_Extracted material_
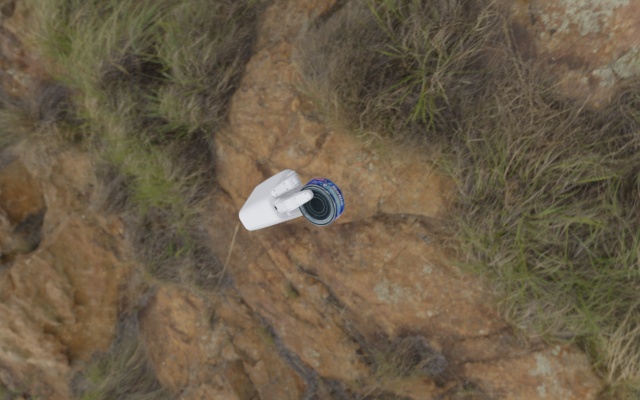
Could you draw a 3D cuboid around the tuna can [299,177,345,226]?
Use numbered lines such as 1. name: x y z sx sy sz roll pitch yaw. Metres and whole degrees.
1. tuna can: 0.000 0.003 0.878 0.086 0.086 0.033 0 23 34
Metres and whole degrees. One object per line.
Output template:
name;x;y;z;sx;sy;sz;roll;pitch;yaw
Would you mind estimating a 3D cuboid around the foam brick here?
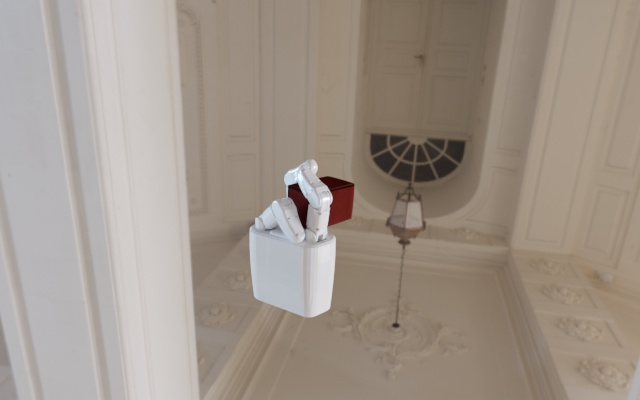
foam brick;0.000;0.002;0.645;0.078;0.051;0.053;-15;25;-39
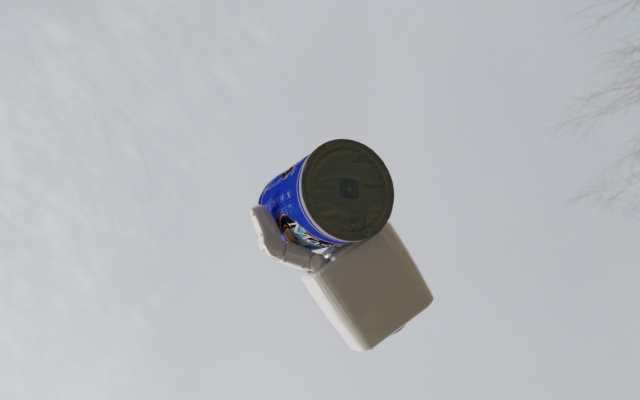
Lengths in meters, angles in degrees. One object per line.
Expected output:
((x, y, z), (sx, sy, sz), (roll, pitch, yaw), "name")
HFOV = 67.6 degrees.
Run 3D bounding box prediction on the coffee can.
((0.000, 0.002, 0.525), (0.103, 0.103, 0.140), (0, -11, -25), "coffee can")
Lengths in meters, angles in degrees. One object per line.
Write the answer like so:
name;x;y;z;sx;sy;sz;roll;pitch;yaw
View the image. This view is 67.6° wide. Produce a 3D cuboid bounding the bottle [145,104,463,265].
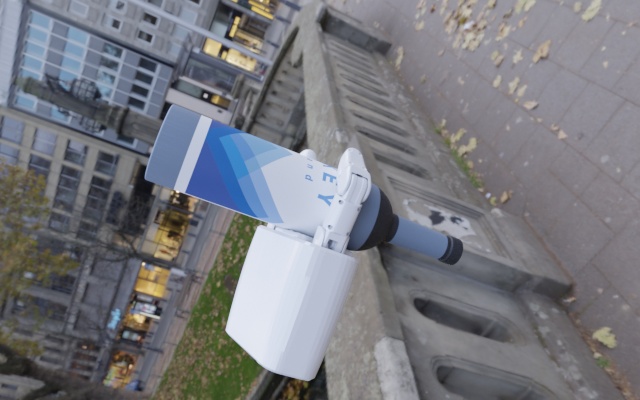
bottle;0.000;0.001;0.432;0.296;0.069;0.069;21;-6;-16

* * *

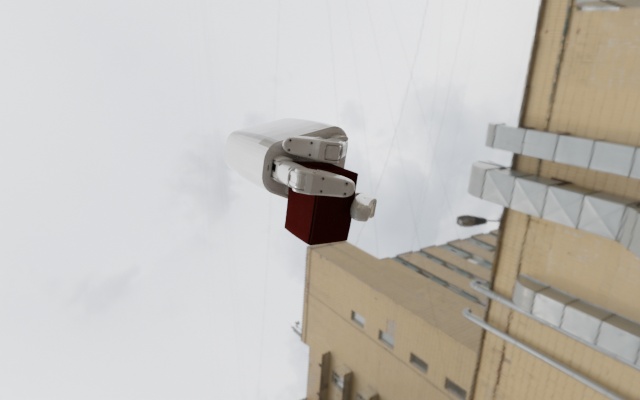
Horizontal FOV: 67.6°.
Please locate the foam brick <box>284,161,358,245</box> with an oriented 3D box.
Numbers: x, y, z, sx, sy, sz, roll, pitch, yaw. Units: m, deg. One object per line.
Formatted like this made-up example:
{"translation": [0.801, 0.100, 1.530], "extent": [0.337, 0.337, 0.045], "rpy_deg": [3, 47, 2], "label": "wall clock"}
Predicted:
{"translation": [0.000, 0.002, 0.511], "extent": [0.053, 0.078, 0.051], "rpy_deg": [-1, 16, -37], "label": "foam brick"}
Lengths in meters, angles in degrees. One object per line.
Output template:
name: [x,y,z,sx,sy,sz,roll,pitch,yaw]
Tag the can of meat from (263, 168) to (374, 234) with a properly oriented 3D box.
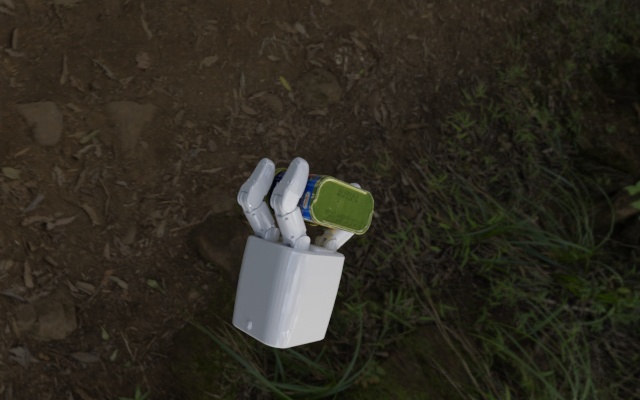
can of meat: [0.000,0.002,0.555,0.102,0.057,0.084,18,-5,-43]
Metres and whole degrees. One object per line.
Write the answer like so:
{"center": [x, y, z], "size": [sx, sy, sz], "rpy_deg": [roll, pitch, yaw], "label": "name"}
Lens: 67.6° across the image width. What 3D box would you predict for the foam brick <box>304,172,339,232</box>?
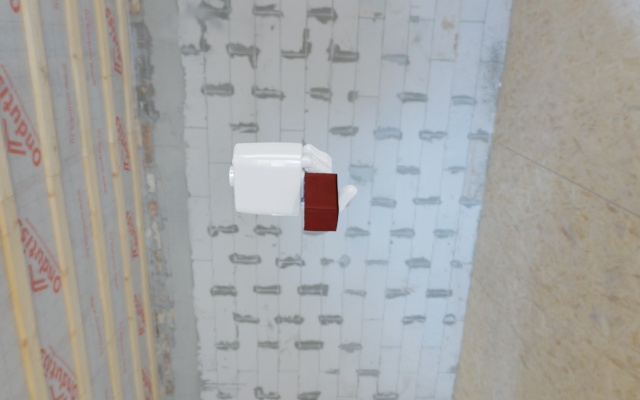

--

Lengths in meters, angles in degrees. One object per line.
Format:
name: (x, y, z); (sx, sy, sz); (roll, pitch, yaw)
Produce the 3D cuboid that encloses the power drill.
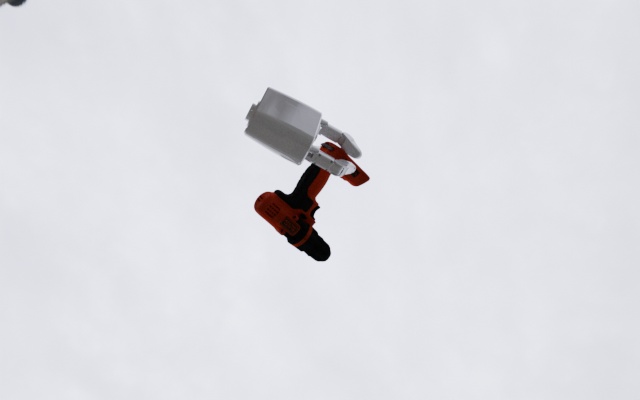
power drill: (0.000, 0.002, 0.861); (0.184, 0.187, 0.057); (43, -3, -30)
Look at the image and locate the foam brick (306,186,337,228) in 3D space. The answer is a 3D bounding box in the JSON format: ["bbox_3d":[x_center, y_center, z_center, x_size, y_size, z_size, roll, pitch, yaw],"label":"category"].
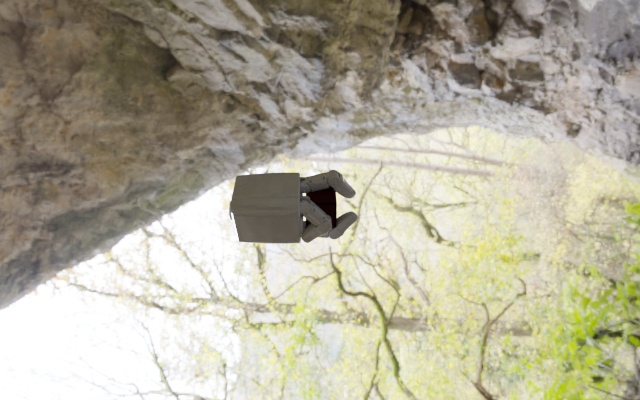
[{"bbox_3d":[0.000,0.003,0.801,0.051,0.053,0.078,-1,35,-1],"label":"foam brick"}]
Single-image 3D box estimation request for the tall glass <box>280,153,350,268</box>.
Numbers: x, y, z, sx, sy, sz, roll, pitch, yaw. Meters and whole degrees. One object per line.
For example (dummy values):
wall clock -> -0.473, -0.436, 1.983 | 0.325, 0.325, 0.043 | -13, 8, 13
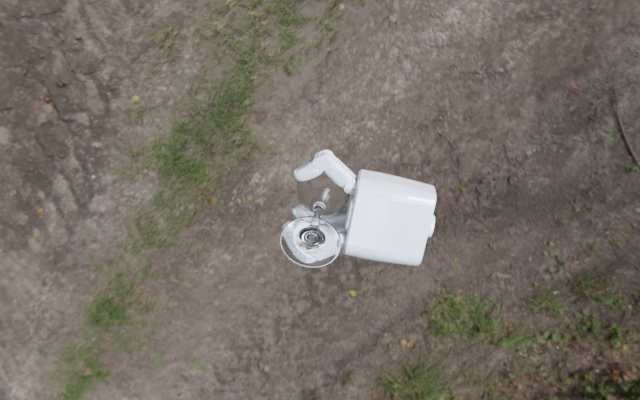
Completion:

_Your assignment_
Your answer must be everything above from the line with "Could you draw" down to the line with "HFOV = 67.6 degrees.", word for word, and no pictures.

_Task response_
Could you draw a 3D cuboid around the tuna can [299,177,345,226]?
Use numbered lines such as 1. name: x y z sx sy sz roll pitch yaw. Metres and whole degrees.
1. tuna can: 0.000 0.003 0.878 0.086 0.086 0.033 0 23 34
Metres and whole degrees. One object per line.
Output template:
name;x;y;z;sx;sy;sz;roll;pitch;yaw
Would you mind estimating a 3D cuboid around the foam brick here?
foam brick;0.000;0.002;0.645;0.078;0.051;0.053;-15;25;-39
Lengths in meters, angles in degrees. One object per line.
Expected output:
((x, y, z), (sx, sy, sz), (roll, pitch, yaw), "name")
HFOV = 67.6 degrees.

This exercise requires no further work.